[What you are asked to do] Once the pictures are set aside, copy the records below exactly as they stand.

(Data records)
=-=-=
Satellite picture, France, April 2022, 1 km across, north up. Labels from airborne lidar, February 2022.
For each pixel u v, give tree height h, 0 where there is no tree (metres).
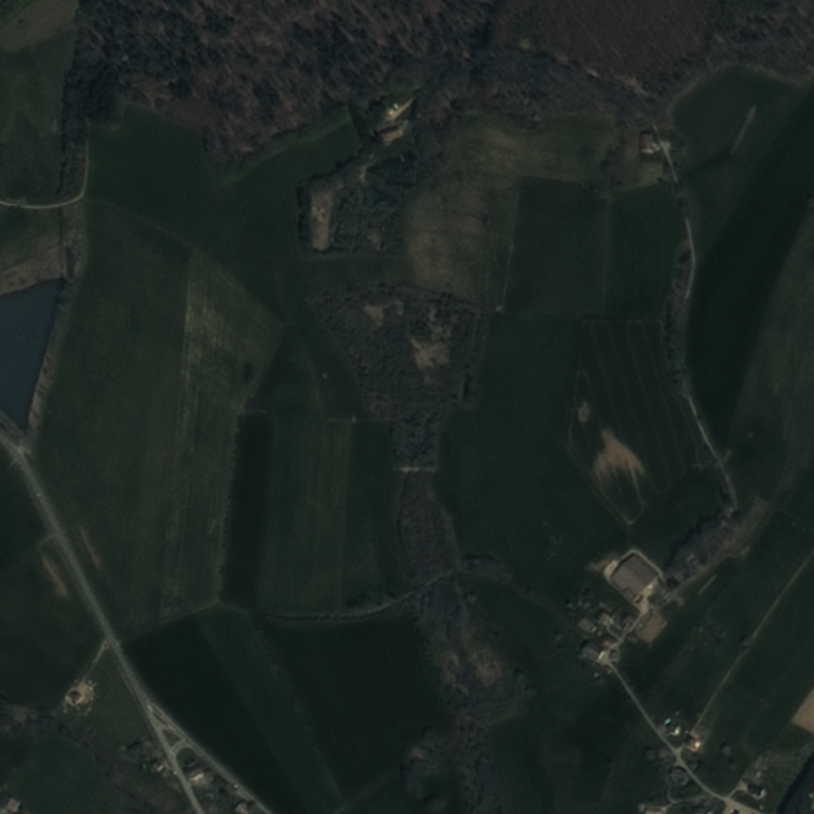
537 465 0
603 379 0
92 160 0
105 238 0
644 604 0
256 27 27
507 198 0
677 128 0
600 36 16
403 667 0
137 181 0
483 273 0
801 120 0
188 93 20
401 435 9
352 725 0
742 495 0
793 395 0
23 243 0
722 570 0
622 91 32
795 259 0
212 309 0
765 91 0
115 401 0
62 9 0
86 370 0
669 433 0
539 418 0
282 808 0
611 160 11
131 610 0
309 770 0
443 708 0
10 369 0
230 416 0
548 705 0
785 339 0
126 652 0
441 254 0
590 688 0
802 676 0
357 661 0
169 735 0
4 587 0
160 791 0
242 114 20
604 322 0
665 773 6
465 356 11
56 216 0
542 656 0
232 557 0
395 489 0
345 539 0
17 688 0
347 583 0
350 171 20
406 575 0
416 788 22
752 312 0
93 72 22
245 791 0
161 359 0
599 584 0
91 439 0
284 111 27
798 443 0
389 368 9
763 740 0
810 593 0
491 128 0
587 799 0
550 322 0
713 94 0
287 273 0
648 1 15
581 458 0
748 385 0
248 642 0
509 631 0
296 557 0
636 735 0
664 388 0
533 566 0
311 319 0
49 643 0
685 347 19
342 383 0
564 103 30
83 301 0
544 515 0
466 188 0
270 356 0
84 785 0
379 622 0
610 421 0
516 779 0
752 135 0
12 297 0
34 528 0
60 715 0
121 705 0
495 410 0
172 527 0
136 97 12
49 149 0
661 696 0
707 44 14
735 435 0
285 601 0
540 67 33
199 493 0
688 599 0
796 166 0
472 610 10
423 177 9
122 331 0
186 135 0
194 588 0
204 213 0
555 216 0
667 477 0
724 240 0
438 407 10
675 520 0
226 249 0
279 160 0
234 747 0
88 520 0
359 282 0
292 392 0
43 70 0
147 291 0
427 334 10
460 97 30
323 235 0
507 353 0
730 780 0
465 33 26
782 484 0
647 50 12
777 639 0
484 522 0
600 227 0
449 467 0
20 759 0
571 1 14
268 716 0
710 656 0
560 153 0
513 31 14
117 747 0
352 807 0
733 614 0
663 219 0
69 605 0
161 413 0
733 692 0
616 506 0
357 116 27
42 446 0
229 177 17
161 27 25
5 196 0
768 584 0
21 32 0
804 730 0
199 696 0
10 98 0
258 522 0
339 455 0
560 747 0
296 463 0
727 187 0
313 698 0
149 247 0
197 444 0
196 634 0
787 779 0
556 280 0
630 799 0
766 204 0
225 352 0
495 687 0
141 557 0
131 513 0
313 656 0
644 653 0
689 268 20
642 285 0
=-=-=
[Written solution]
Satellite picture, France, April 2022, 1 km across, north up. Labels from airborne lidar, February 2022.
For each pixel u v, give tree height h, 0 where there is no tree (metres).
537 465 0
603 379 0
92 160 0
105 238 0
644 604 0
256 27 27
507 198 0
677 128 0
600 36 16
403 667 0
137 181 0
483 273 0
801 120 0
188 93 20
401 435 9
352 725 0
742 495 0
793 395 0
23 243 0
722 570 0
622 91 32
795 259 0
212 309 0
765 91 0
115 401 0
62 9 0
86 370 0
669 433 0
539 418 0
282 808 0
611 160 11
131 610 0
309 770 0
443 708 0
10 369 0
230 416 0
548 705 0
785 339 0
126 652 0
441 254 0
590 688 0
802 676 0
357 661 0
169 735 0
4 587 0
160 791 0
242 114 20
604 322 0
665 773 6
465 356 11
56 216 0
542 656 0
232 557 0
395 489 0
345 539 0
17 688 0
347 583 0
350 171 20
406 575 0
416 788 22
752 312 0
93 72 22
245 791 0
161 359 0
599 584 0
91 439 0
284 111 27
798 443 0
389 368 9
763 740 0
810 593 0
491 128 0
587 799 0
550 322 0
713 94 0
287 273 0
648 1 15
581 458 0
748 385 0
248 642 0
509 631 0
296 557 0
636 735 0
664 388 0
533 566 0
311 319 0
49 643 0
685 347 19
342 383 0
564 103 30
83 301 0
544 515 0
466 188 0
270 356 0
84 785 0
379 622 0
610 421 0
516 779 0
752 135 0
12 297 0
34 528 0
60 715 0
121 705 0
495 410 0
172 527 0
136 97 12
49 149 0
661 696 0
707 44 14
735 435 0
285 601 0
540 67 33
199 493 0
688 599 0
796 166 0
472 610 10
423 177 9
122 331 0
186 135 0
194 588 0
204 213 0
555 216 0
667 477 0
724 240 0
438 407 10
675 520 0
226 249 0
279 160 0
234 747 0
88 520 0
359 282 0
292 392 0
43 70 0
147 291 0
427 334 10
460 97 30
323 235 0
507 353 0
730 780 0
465 33 26
782 484 0
647 50 12
777 639 0
484 522 0
600 227 0
449 467 0
20 759 0
571 1 14
268 716 0
710 656 0
560 153 0
513 31 14
117 747 0
352 807 0
733 614 0
663 219 0
69 605 0
161 413 0
733 692 0
616 506 0
357 116 27
42 446 0
229 177 17
161 27 25
5 196 0
768 584 0
21 32 0
804 730 0
199 696 0
10 98 0
258 522 0
339 455 0
560 747 0
296 463 0
727 187 0
313 698 0
149 247 0
197 444 0
196 634 0
787 779 0
556 280 0
630 799 0
766 204 0
225 352 0
495 687 0
141 557 0
131 513 0
313 656 0
644 653 0
689 268 20
642 285 0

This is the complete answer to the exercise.